* [TASK OBJECTIVE]: Beginning at the top of the data below, write out every line exactly until you reach the line with "maker: pieter christoffel wonder", and include that line.

------------

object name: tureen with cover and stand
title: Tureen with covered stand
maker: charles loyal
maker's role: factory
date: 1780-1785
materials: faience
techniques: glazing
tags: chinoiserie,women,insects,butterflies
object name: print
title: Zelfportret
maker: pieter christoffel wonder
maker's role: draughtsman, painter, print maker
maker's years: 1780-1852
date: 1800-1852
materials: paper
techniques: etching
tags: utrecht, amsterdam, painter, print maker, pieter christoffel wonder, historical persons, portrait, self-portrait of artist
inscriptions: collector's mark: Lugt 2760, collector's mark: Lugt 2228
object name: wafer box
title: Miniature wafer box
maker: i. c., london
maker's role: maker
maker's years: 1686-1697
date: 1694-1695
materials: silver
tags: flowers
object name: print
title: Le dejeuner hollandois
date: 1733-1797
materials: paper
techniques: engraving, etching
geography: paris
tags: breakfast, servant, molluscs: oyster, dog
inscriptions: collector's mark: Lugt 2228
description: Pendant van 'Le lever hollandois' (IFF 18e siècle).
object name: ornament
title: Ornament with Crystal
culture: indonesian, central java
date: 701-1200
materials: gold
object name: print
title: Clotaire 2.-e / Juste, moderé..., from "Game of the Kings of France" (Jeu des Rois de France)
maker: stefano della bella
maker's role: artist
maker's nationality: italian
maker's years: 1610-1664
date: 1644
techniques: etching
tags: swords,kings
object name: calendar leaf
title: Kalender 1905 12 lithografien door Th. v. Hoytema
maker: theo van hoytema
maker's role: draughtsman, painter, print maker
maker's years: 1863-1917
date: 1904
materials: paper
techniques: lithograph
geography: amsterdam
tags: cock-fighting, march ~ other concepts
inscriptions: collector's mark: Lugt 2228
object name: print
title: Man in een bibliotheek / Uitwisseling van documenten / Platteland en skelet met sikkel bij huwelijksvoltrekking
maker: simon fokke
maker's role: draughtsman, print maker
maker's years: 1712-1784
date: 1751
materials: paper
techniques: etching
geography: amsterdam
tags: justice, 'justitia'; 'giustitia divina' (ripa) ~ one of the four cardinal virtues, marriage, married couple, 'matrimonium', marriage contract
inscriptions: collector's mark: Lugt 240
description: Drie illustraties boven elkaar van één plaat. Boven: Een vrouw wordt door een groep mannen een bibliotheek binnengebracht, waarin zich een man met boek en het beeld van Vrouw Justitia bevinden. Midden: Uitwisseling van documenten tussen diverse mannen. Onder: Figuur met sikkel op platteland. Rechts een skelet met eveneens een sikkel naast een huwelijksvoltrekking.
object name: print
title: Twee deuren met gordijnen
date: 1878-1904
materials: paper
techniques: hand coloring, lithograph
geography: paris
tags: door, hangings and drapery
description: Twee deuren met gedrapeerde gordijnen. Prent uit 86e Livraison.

------------

* [SOLUTION FOR THIS PROBLEM]:
object name: tureen with cover and stand
title: Tureen with covered stand
maker: charles loyal
maker's role: factory
date: 1780-1785
materials: faience
techniques: glazing
tags: chinoiserie,women,insects,butterflies
object name: print
title: Zelfportret
maker: pieter christoffel wonder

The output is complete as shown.